Omdat van Europa de markten voor openbaar vervoer moeten opengegooid worden, moet De Lijn er nu dus voor zorgen concurrentieel te zijn.
Daarom het nieuwe plan voor een reorganisatie, met het schrappen van 286 banen onder de bedienden – zonder ontslagen – en een centralisatie en een verschuiving van de macht van de vijf provinciale afdelingen naar ofwel het hoofdkantoor in Mechelen, of juist naar de kleinere vervoersregio’s (een stuk of twaalf) zoals die van Antwerpen en de randgemeenten.
Besparing: 40 miljoen euro, die De Lijn opnieuw investeert in een betere werking.
Hoewel hierover nog overleg gepland is, en ook al moet een en ander nog concreet worden uitgewerkt, staken de bonden toch al tegen het plan. In de steden zullen vandaag weinig of geen trams en bussen uitrijden. Elders wat meer, omdat daar meer privépachters rijden en die staken waarschijnlijk niet mee.

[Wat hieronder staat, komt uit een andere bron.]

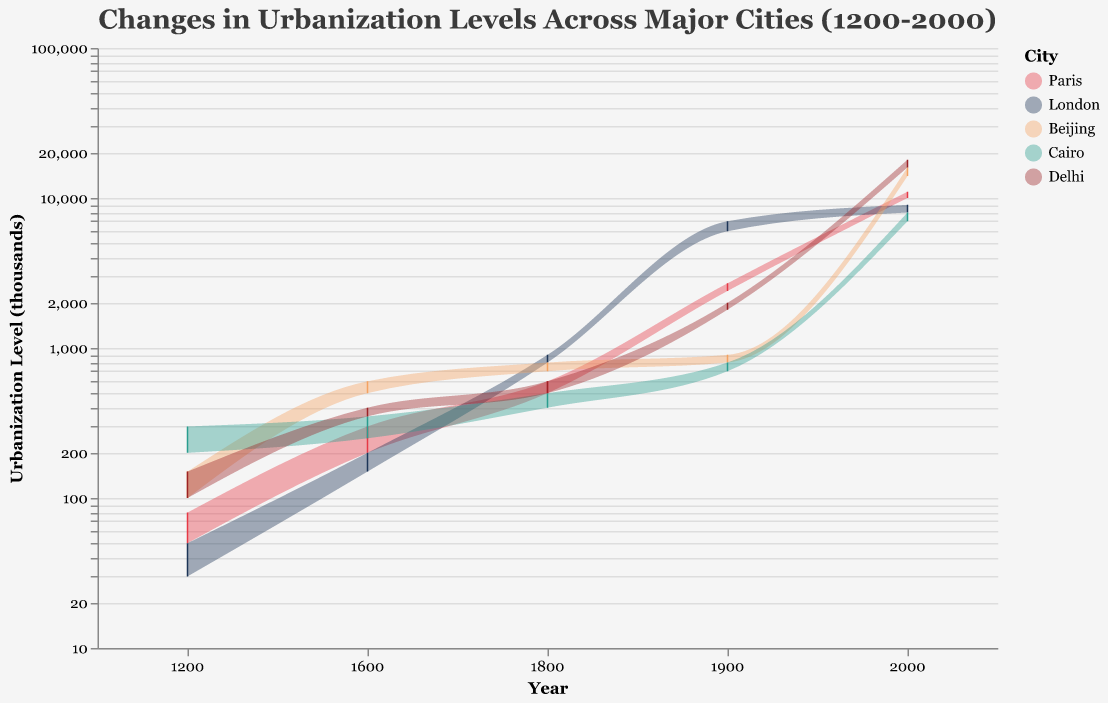What is the title of the chart? The title is typically displayed at the top of the chart. Here, it reads "Changes in Urbanization Levels Across Major Cities (1200-2000)"
Answer: Changes in Urbanization Levels Across Major Cities (1200-2000) How many cities are represented in the chart? The legend shows five different colors, each representing a city. These cities are Paris, London, Beijing, Cairo, and Delhi.
Answer: 5 What is the log scale used for on the y-axis? The y-axis label indicates "Urbanization Level (thousands)" and it uses a logarithmic scale to better display the wide range in urbanization levels from thousands to tens of thousands.
Answer: Urbanization Level (thousands) Which city had the highest range of urbanization in the year 2000? Beijing and Delhi have higher upper bounds, but Delhi's range is from 16,000 to 18,000 (a span of 2,000), while Beijing's is 14,000 to 16,000 (a span of 2,000). Both spans are 2,000, so it is a tie.
Answer: Delhi and Beijing What is the color representing the city of Cairo? The legend shows that Cairo is represented by the color "#2A9D8F" which is a shade of green.
Answer: Green Which city showed the greatest increase in urbanization from 1200 to 2000? Compare the urbanization range in 1200 and 2000 for all cities. Paris increased from 50-80 to 10,000-11,000, London from 30-50 to 8,000-9,000, Beijing from 100-150 to 14,000-16,000, Cairo from 200-300 to 7,000-8,000, and Delhi from 100-150 to 16,000-18,000. Delhi showed the greatest increase.
Answer: Delhi What was the minimum urbanization level for Beijing in 1800? Look at the range for Beijing in 1800 and find the lower bound. It ranges from 700 to 800, so the minimum is 700.
Answer: 700 Which city had a higher maximum urbanization level in 1900, London or Paris? Compare the upper bounds for both cities in 1900. London's max is 7,000 and Paris's is 2,700. London had a higher level.
Answer: London How did the urbanization level of Cairo change between 1200 and 1600? For Cairo, in 1200 the range is 200-300 and in 1600 it is 250-350. The increase is 50 within the minimum and 50 within the maximum levels.
Answer: Increased by 50, for both minimum and maximum If one were to average the maximum urbanization levels of all cities for the year 2000, what would the average be? Sum the maximum values for all cities in 2000: 11,000 (Paris), 9,000 (London), 16,000 (Beijing), 8,000 (Cairo), 18,000 (Delhi). Total is 62,000 and divide by 5 cities, the average is 12,400.
Answer: 12,400 
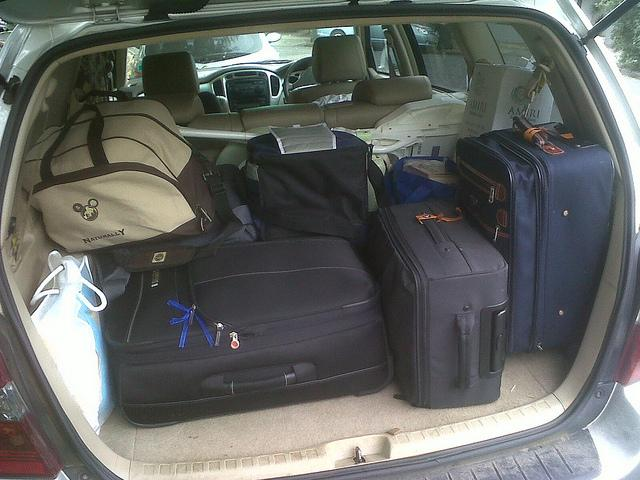Why would this person load the back of their car with these? Please explain your reasoning. road trip. The person is on a road trip. 
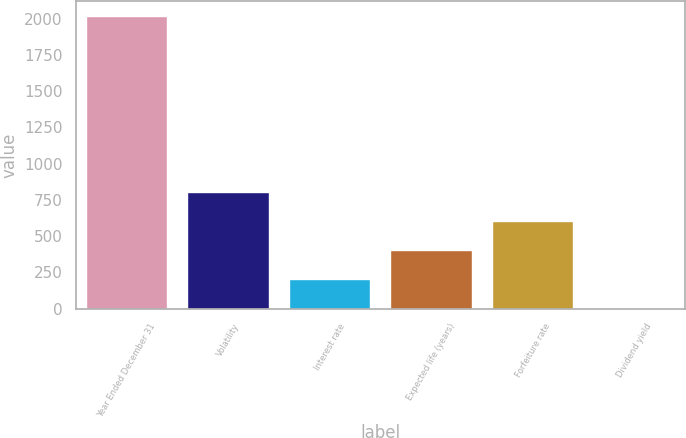<chart> <loc_0><loc_0><loc_500><loc_500><bar_chart><fcel>Year Ended December 31<fcel>Volatility<fcel>Interest rate<fcel>Expected life (years)<fcel>Forfeiture rate<fcel>Dividend yield<nl><fcel>2018<fcel>807.38<fcel>202.07<fcel>403.84<fcel>605.61<fcel>0.3<nl></chart> 
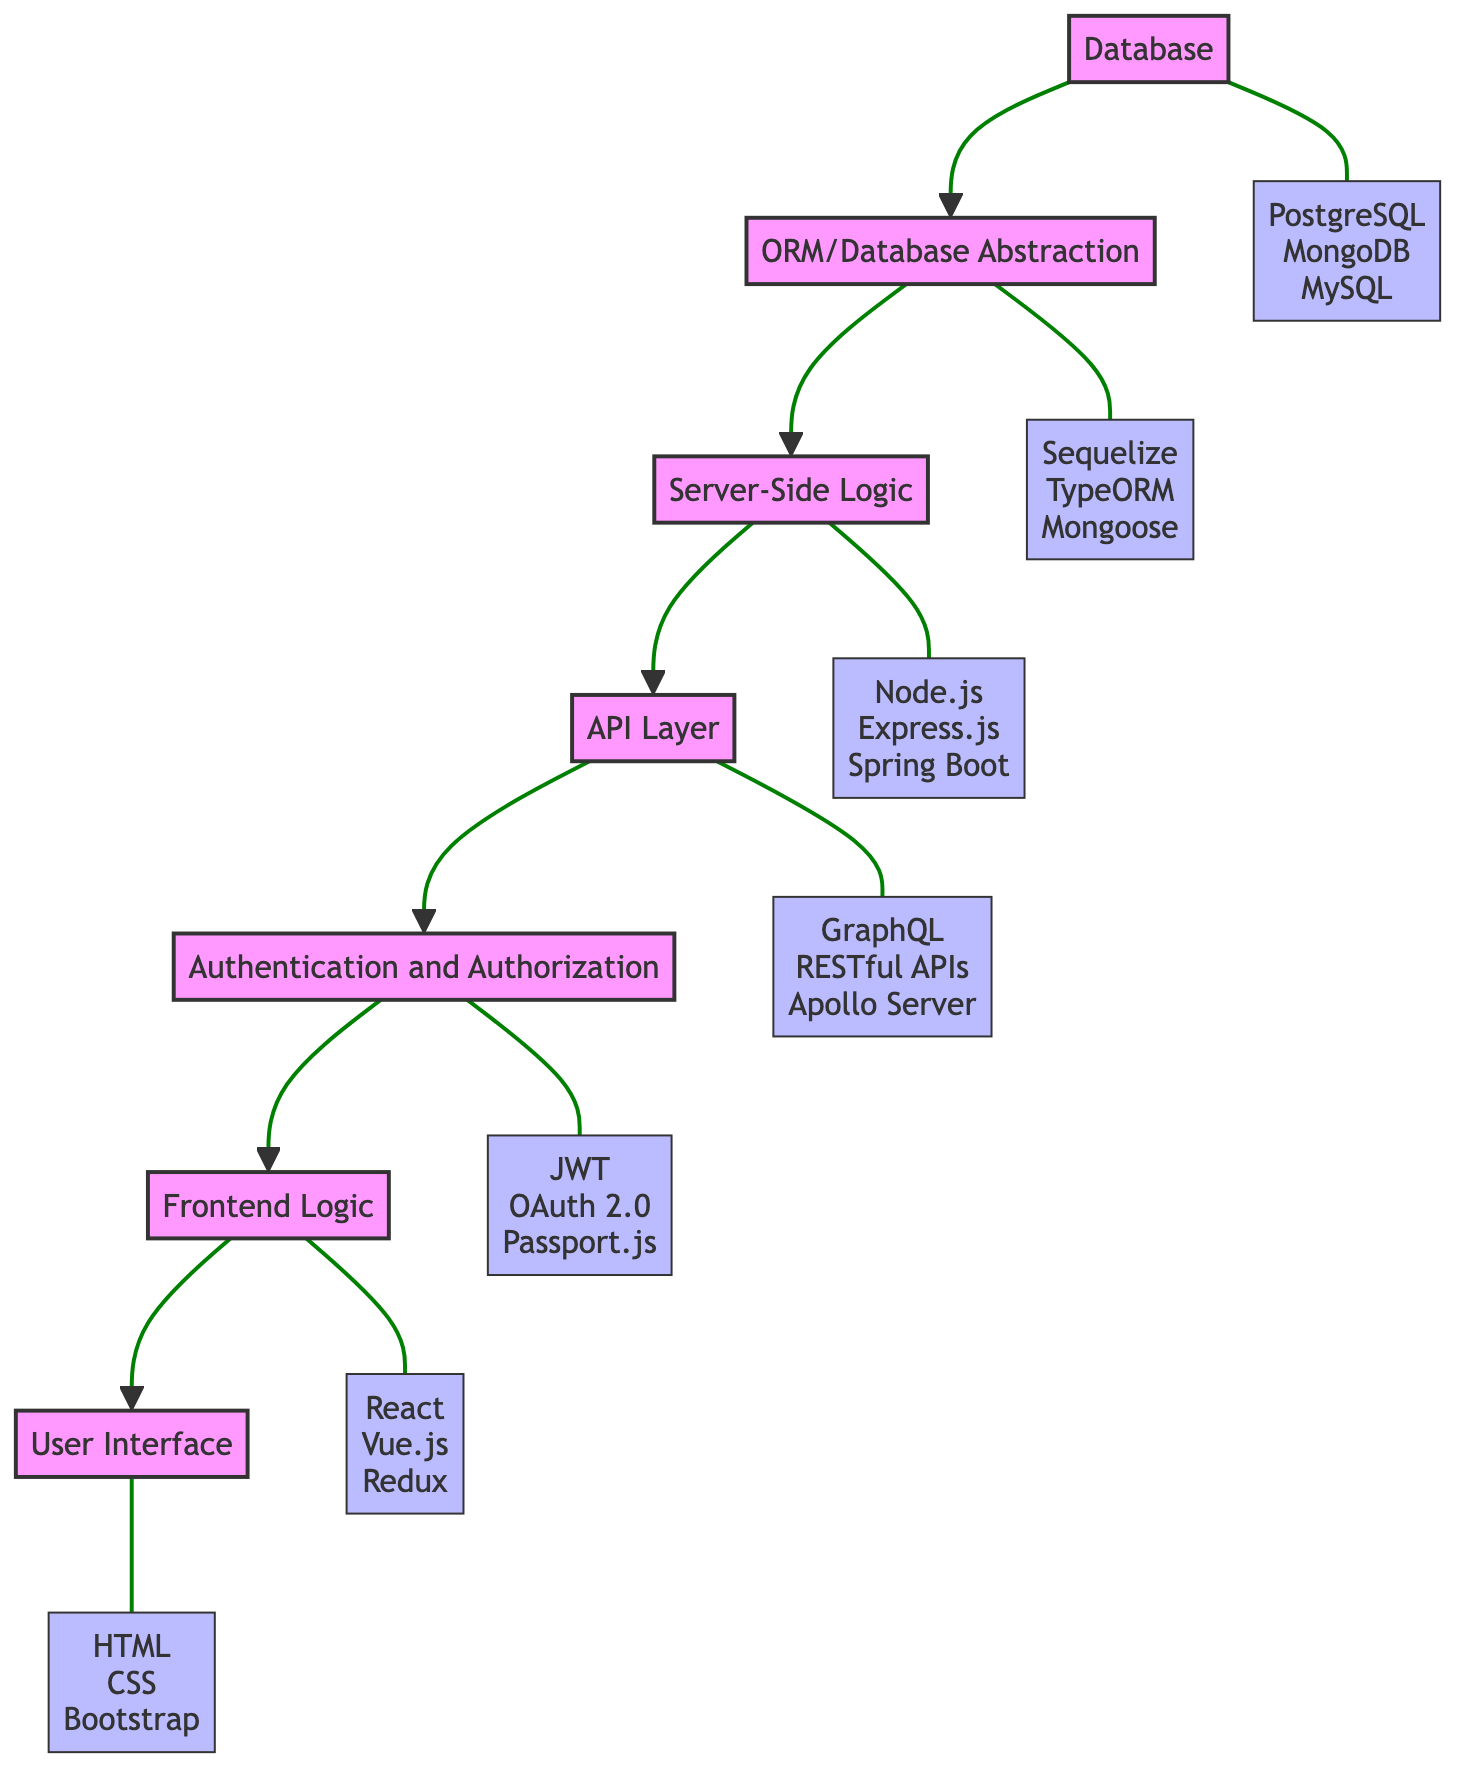What is at the bottom layer of the diagram? The diagram illustrates layers in a web application architecture. The bottom layer, which is the first in the flow from bottom to top, is labeled "Database."
Answer: Database How many tools are listed for the User Interface layer? The User Interface layer includes a list of three tools specified in the diagram: HTML, CSS, and Bootstrap. Thus, there are a total of three tools listed.
Answer: 3 What layer directly above the API Layer in the diagram? Observing the flow from bottom to top, the API Layer points upwards to the next layer, which is "Authentication and Authorization."
Answer: Authentication and Authorization Which layer is responsible for exposing server-side logic? The layer that exposes server-side logic is specifically labeled "API Layer," which is identified as the one that provides access to the backend functionalities through APIs.
Answer: API Layer Which tools are associated with the Frontend Logic layer? The Frontend Logic layer points towards the tools listed, which include React, Vue.js, and Redux. Thus, these three are the associated tools for Frontend Logic.
Answer: React, Vue.js, Redux Which layer deals with user authentication? In the flow, there is a designated layer called "Authentication and Authorization," which is specifically responsible for managing user authentication and access control.
Answer: Authentication and Authorization How many layers are represented in the diagram in total? By counting each layer from the Database to the User Interface, there are seven distinct layers shown in the diagram.
Answer: 7 What relationship do the ORM and Database layers have? The ORM layer is shown directly above the Database layer and receives input from it, indicating that the ORM utilizes data stored in the Database to provide abstraction for data access.
Answer: Stacked relationship Which tools are used for Database Abstraction? The tools associated with the ORM/Database Abstraction layer include Sequelize, TypeORM, and Mongoose as per the information in the diagram.
Answer: Sequelize, TypeORM, Mongoose

De staking is een gemiste kans van de bonden om op een constructieve manier mee te werken aan een toekomst voor De Lijn, waar ze zelf toch alle belang bij hebben. Dat er bij de vervoermaatschappij niet altijd even efficiënt bestuurd wordt en dat de politiek het openbaar vervoer en de reiziger soms in de kou laat staan, daar is in deze krant al vaak op gewezen. Maar een staking is een wapen waar de bonden zuinig mee zouden moeten omspringen, al is het maar omdat de grootste pineut altijd weer de reiziger is.
In de wandelgangen bij De Lijn wordt gezegd dat het opbod tussen de bonden meespeelt en dat de ene bond (met name de christelijke) zich al soepeler opstelt dan de andere (de socialistische), die maar blijft hameren op de verworven rechten.
De bezwaren van de vakbonden tegen het plan snijden hout, maar ze zijn eerder stof voor discussie en mogelijke bijsturing dan een goede reden om de boel maar weer plat te leggen. Je moet niet elke keer met de voorhamer afkomen omdat je vindt dat dingen beter kunnen of omdat het personeel zich zorgen maakt.
Voor Antwerpen en de rand kan een sterkere positie als vervoersregio een groot voordeel zijn, bijvoorbeeld met het oog op de verlenging van tramlijnen.